Without step logging, you are working from timestamp-correlated logs and hope. With it, you have a complete, structured record of every agent action.

Skip it for agents that run for under 5 steps. The overhead of step logging is not worth it for short runs.

Install

pip install git+https://github.com/MukundaKatta/agent-debug-replay

from agent_debug_replay import DebugReplay
import sys

def debug_failed_run(log_path: str) -> None:
    replay = DebugReplay(log_path=log_path)

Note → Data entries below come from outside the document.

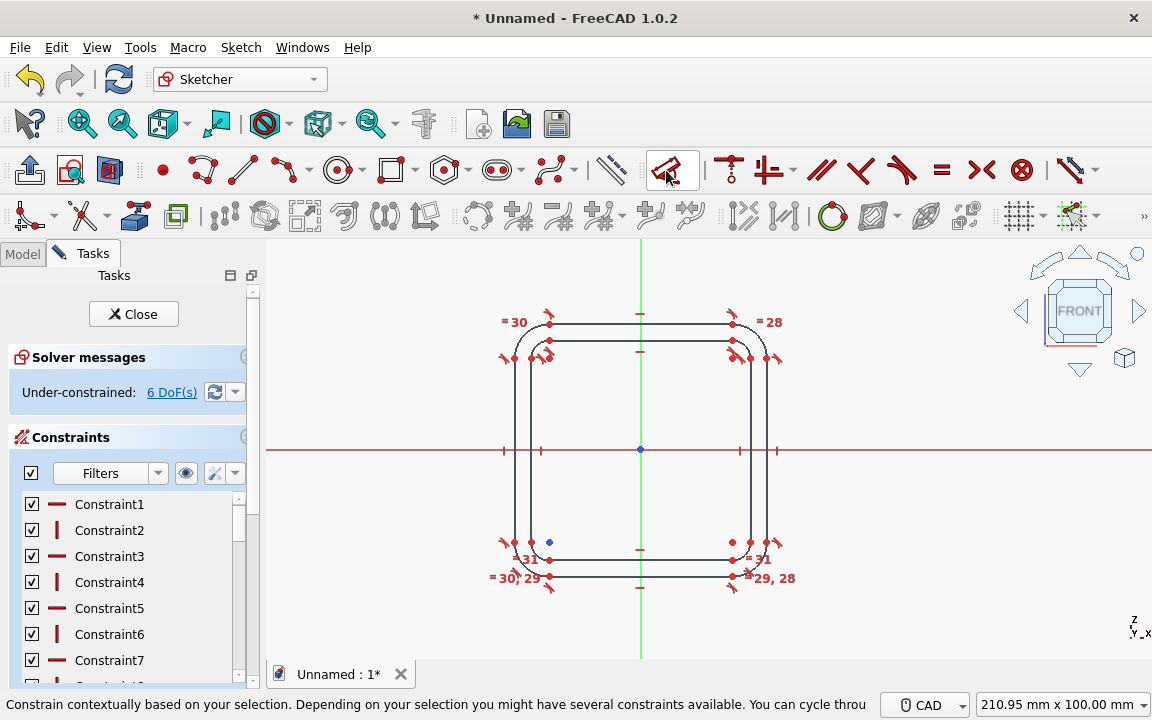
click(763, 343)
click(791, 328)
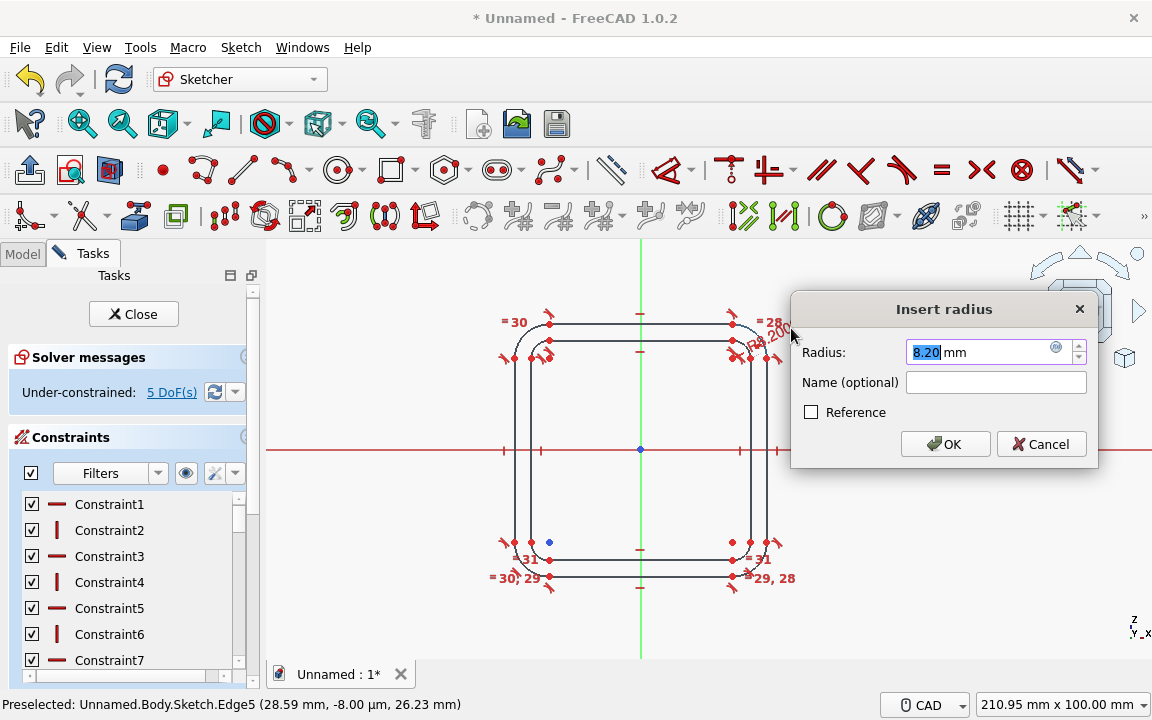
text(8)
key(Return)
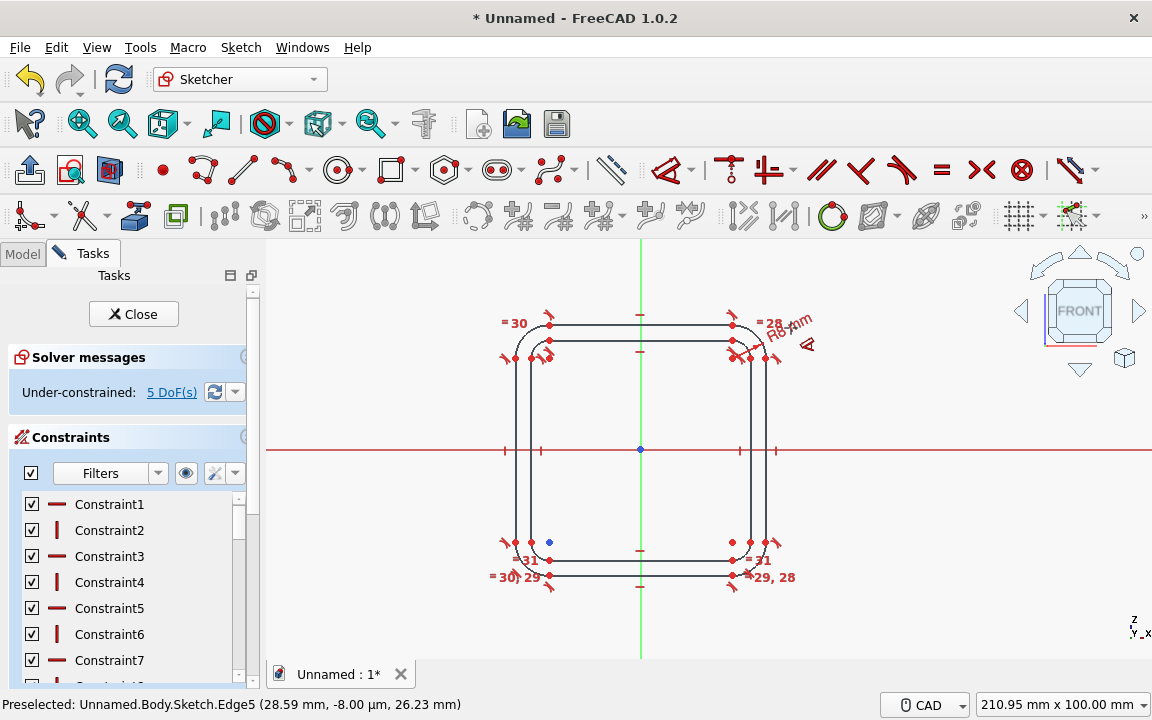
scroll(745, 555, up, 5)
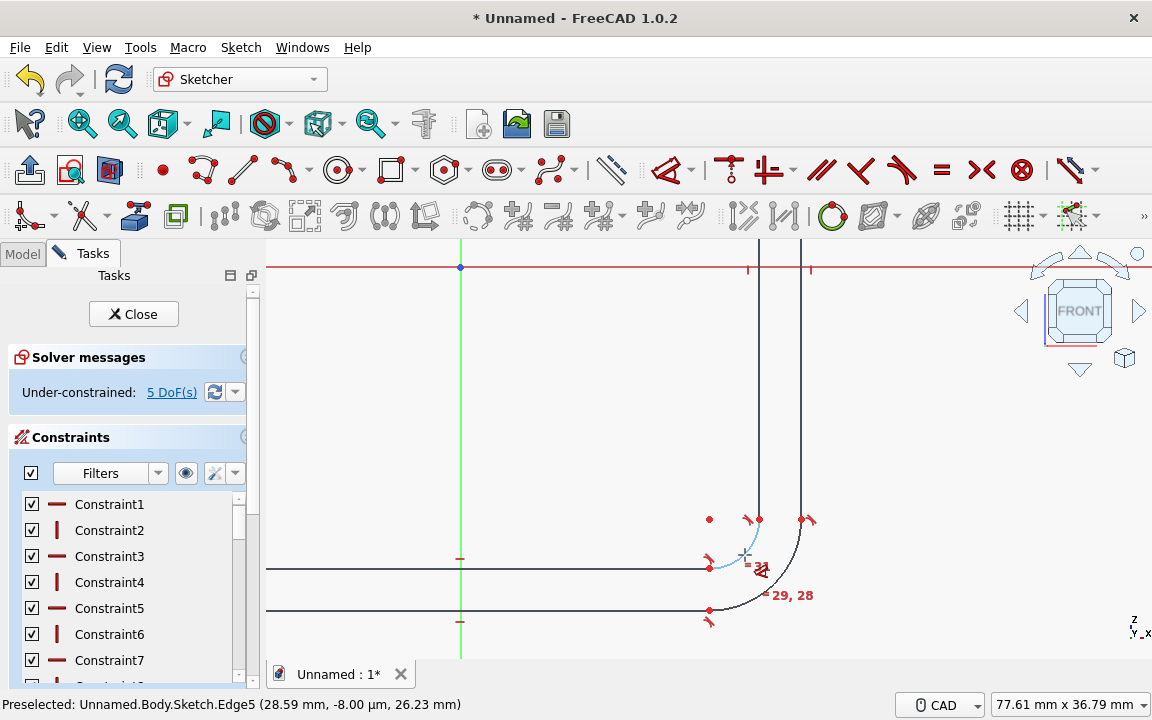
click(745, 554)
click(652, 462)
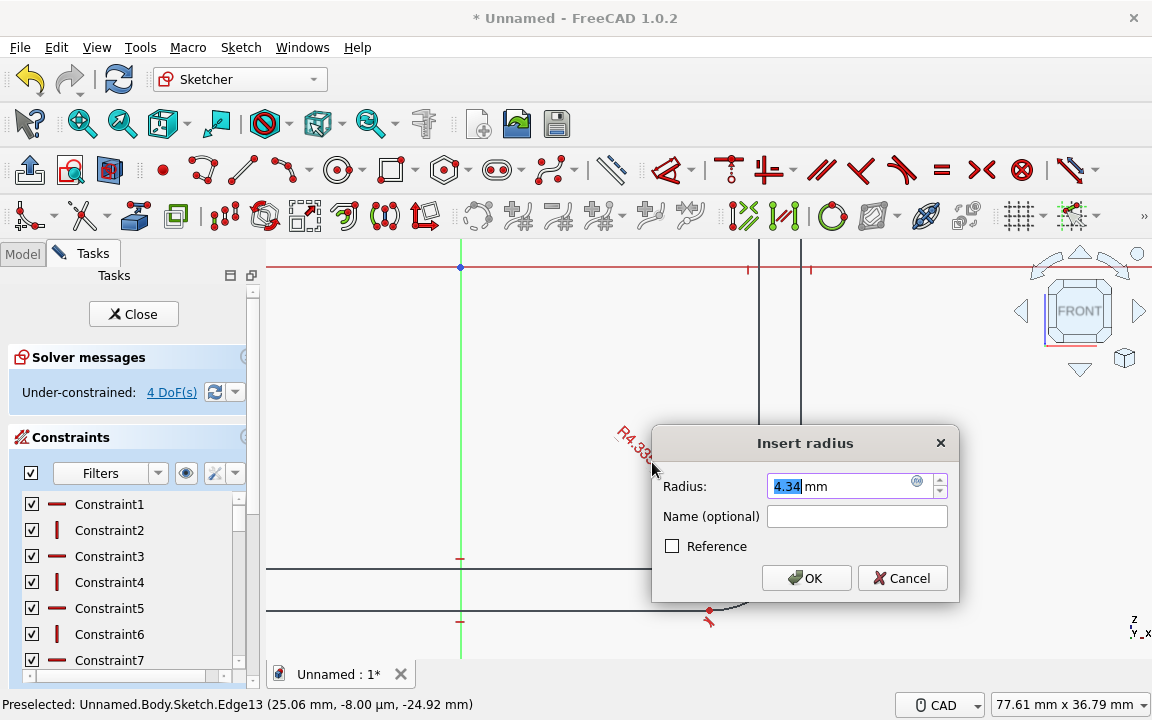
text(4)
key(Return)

    first_error = replay.find_first_error()
    if not first_error:
        print("No errors found in this run.")
        return

    print(f"First error at step {first_error.index}")
    print(f"Action: {first_error.action_type}")
    print(f"Error: {first_error.error}")

    ctx = replay.context_at(first_error.index)
    print(f"\nContext at failure:")
    print(f"  Total tokens used: {ctx.total_tokens}")
    print(f"  Tools called: {', '.join(ctx.tools_called)}")
    print(f"  Previous errors: {ctx.errors[:-1]}")  # all errors before this one

    print(f"\nStep before failure:")
    if first_error.index > 0:
        prev = replay.step_at(first_error.index - 1)
        print(f"  {prev.action_type}: {prev.output_summary}")

if __name__ == "__main__":
    debug_failed_run(sys.argv[1])

Sibling Libraries

Library	What it solves
`agent-step-log`	Per-step JSONL logging (produces the log that debug-replay reads)
`agent-run-id`	Run IDs for correlating logs to specific runs
`agent-resume`	Resume from a checkpoint after finding and fixing the failure
`agenttap`	Wire-level capture for even more detailed replay
`agent-decision-log`	WHY-layer logs that complement step-level WHAT logs

The debugging workflow: agent-step-log records the run, agent-debug-replay lets you navigate it, agent-resume lets you re-run from a checkpoint after the fix.

What's Next

Notebook integration: a Jupyter widget that renders the step-through as an interactive cell. Click forward/backward through steps and see state update in-place.

Diff replay: given two run logs (one passing, one failing), highlight the divergence point — where the two runs started producing different steps. This is the most common debugging scenario for regressions.

A web UI: a minimal Flask/FastAPI endpoint that serves a step-through UI in the browser. Load the JSONL, browse steps, click into context. This would be significantly more usable than the programmatic API for non-engineering stakeholders.

Built as part of the agent-stack family: composable Python primitives for production LLM agents.